Via a forwarded email, my longtime chum Peckman calls my attention to the following letter to the editor on the subject of honky wish fulfillment.
From yesterday’s Daily Oklahoman, “Oklahoma’s Newspaper since 1907” (i.e., since the mass treaty violation of Oklahoma statehood):
My wife, an American Indian, has changed my mind about her ancestry. Every day I’m amazed by her mature character. She has a big soul and I’ve never known someone as gentle and humble as this Choctaw Indian. She looks the same in the early morning as she does the rest of the day because wearing makeup and fashionable clothes isn’t her thing. She’s a believer not in nature but in the Creator of nature. She’s my kind of woman!
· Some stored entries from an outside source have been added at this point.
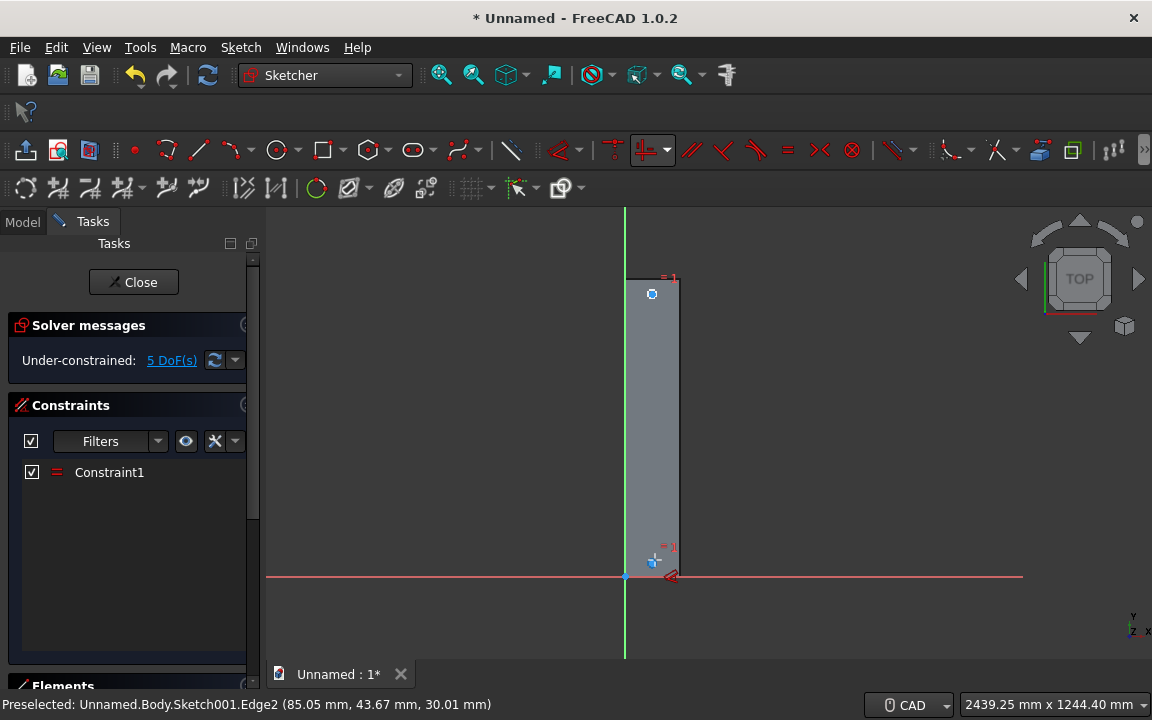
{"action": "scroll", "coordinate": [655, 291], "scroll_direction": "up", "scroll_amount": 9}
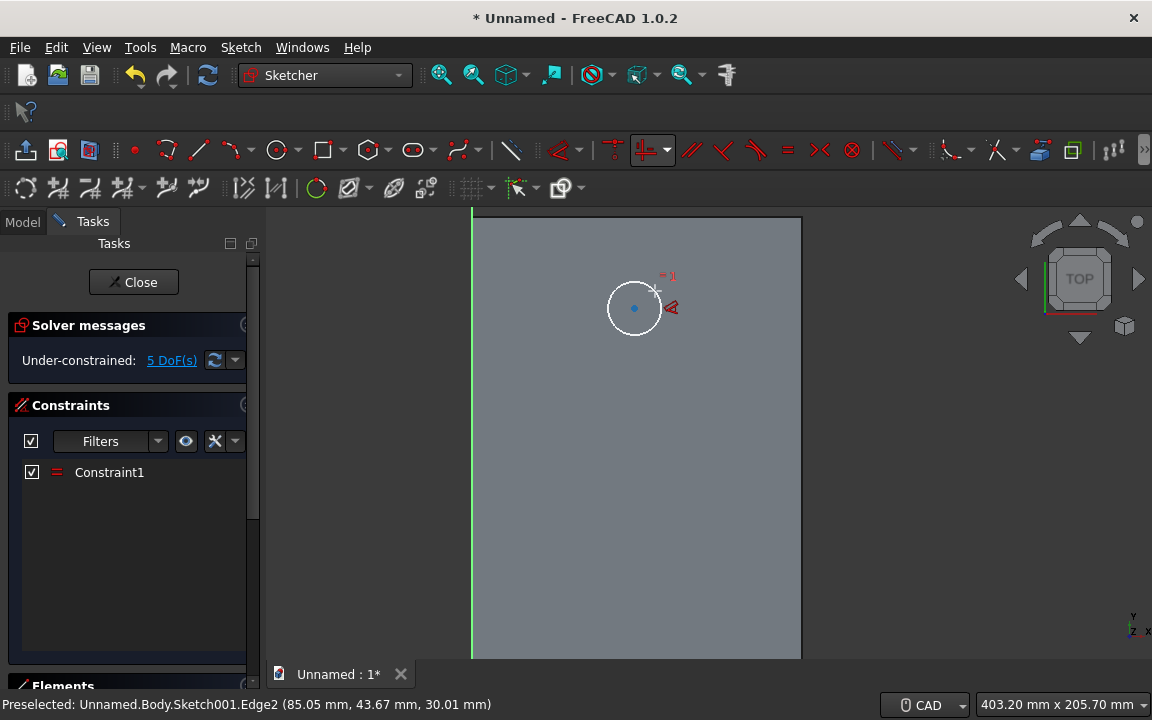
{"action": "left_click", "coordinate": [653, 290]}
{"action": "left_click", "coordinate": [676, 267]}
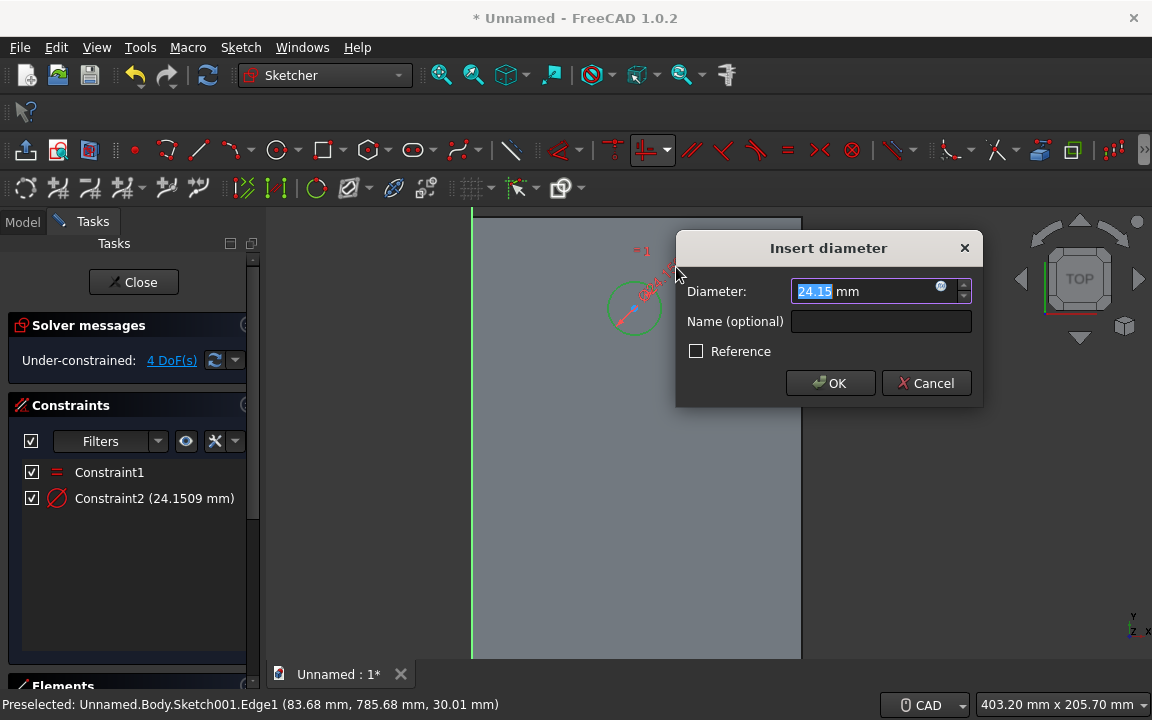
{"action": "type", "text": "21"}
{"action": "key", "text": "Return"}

This white man is very blessed to have her for his wife.
David Wadley, Norman
So this moron godbag David Wadley marries a woman whose “ancestry” he initially finds objectionable, then, through the magic power of her extraordinary humbleness, discovers that she is every redneck’s fantasy-squaw? And he sends this revolting self-congratulatory ode to the newspaper? And the newspaper actually prints it? Like, “My wife is a lowly Native chick, but because of her winsome, subservient personality I’m willing to look the other way on her questionable genetics. Give me a medal.” And they give him the fucking medal!
At least everyone in town — including, one hopes, his wife — now knows he’s a patronizing “See? Not all darkies are lazy drunken sluts!” bigot.
Nothing would un-furrow the Twisty brow better than if I received news that the unfortunate Mrs. Wadley had suddenly sprung from her bed one fine morning, packed a valise, and announced, “Dave, your benevolent essentialism has chapped the last square inch of my hide. I’m off to join a separatist commune. Smell ya later, asshole.”